About Alan:

Alan received a Masters in Accounting from the University of Houston, became a CPA and a Fellow in HFMA. He had a lengthy career in Healthcare Finance serving in positions such as: VP of Finance of the Healthcare Div. of HAI, VP of Finance for Cardinal Glennon Children's Hospital and CFO of Adena Health System. He specialized in budgeting, strategic financial plan development, operational analysis and management reporting systems.

This would seem to be good training for his role of "watch dog" of the Federal Budget.

Tuesday, September 30, 2014

Three Important Facts for the 2014 Elections


The 2014 elections are nearly on us and three of the most important topics have hardly been covered.

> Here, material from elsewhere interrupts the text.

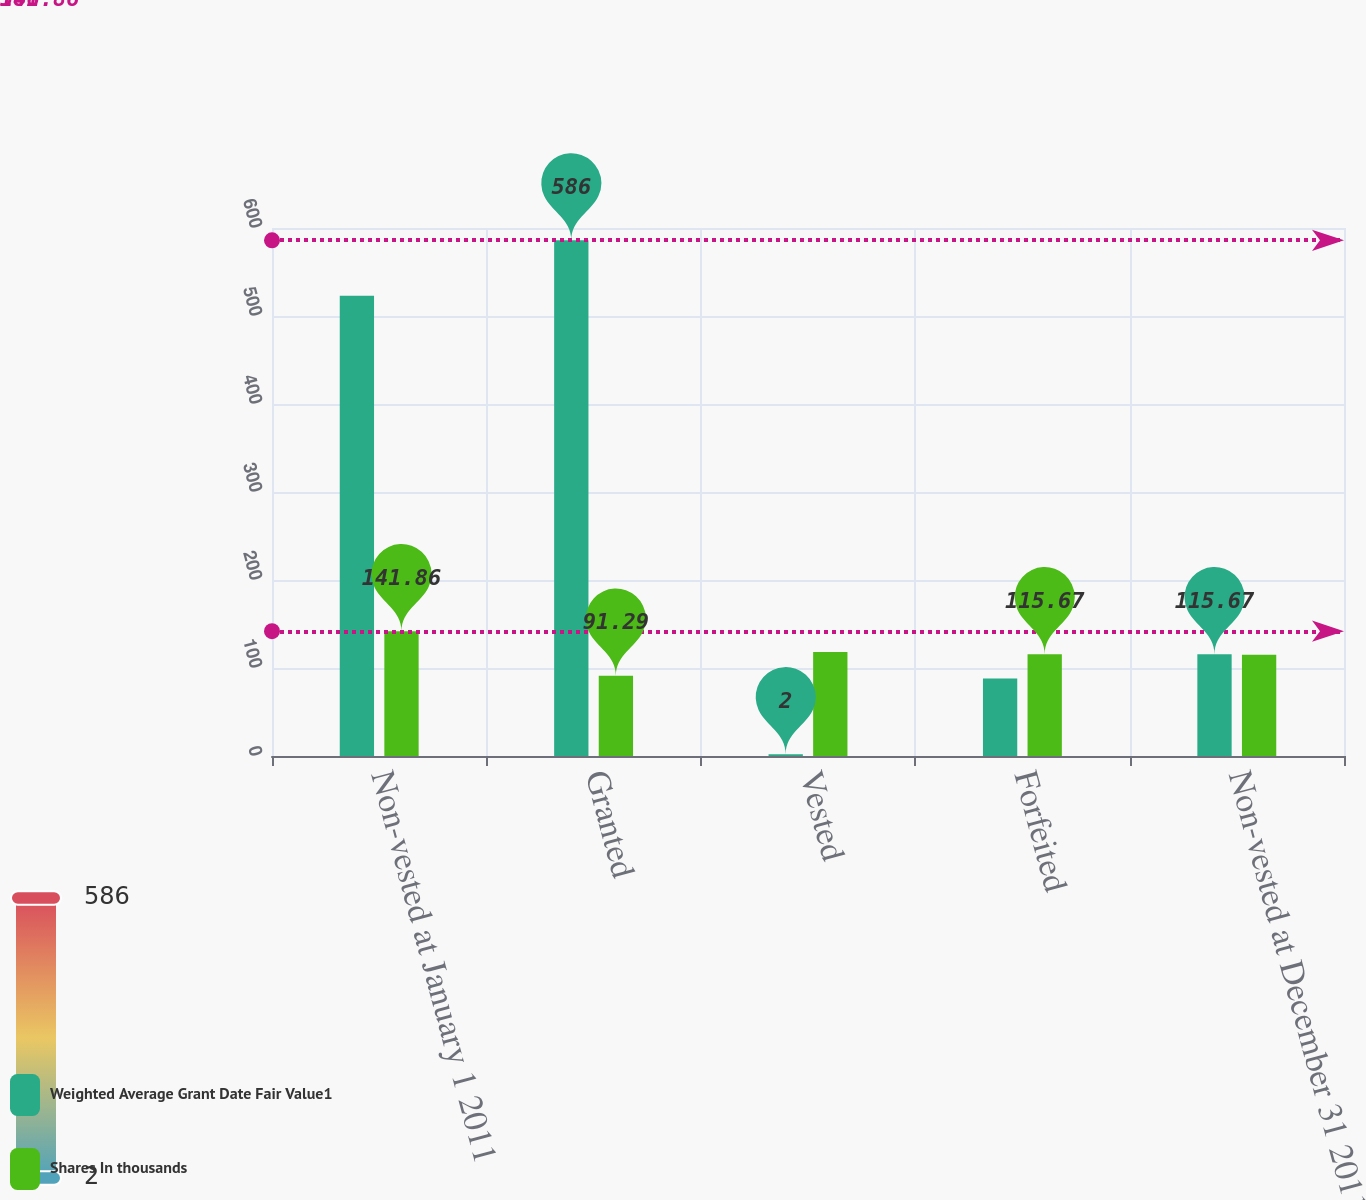Convert chart. <chart><loc_0><loc_0><loc_500><loc_500><stacked_bar_chart><ecel><fcel>Non-vested at January 1 2011<fcel>Granted<fcel>Vested<fcel>Forfeited<fcel>Non-vested at December 31 2011<nl><fcel>Weighted Average Grant Date Fair Value1<fcel>523<fcel>586<fcel>2<fcel>88<fcel>115.67<nl><fcel>Shares In thousands<fcel>141.86<fcel>91.29<fcel>118.31<fcel>115.67<fcel>115.1<nl></chart>

At least not in a way that voters can tell who to vote for.

Using the WH OMB Historical Table 1.1 we find we've only had five budget surpluses since 1965. Matching those results with who controlled the House when the budget was passed we find the last time Congressional Democrats were responsible for a surplus was 1969. Our National Debt was only $367 billion at the end of 1969! They've been responsible for 30 of the last 45 budgets, all finishing with deficits. And they continue to fight attempts to bring deficits under control while calling for more spending!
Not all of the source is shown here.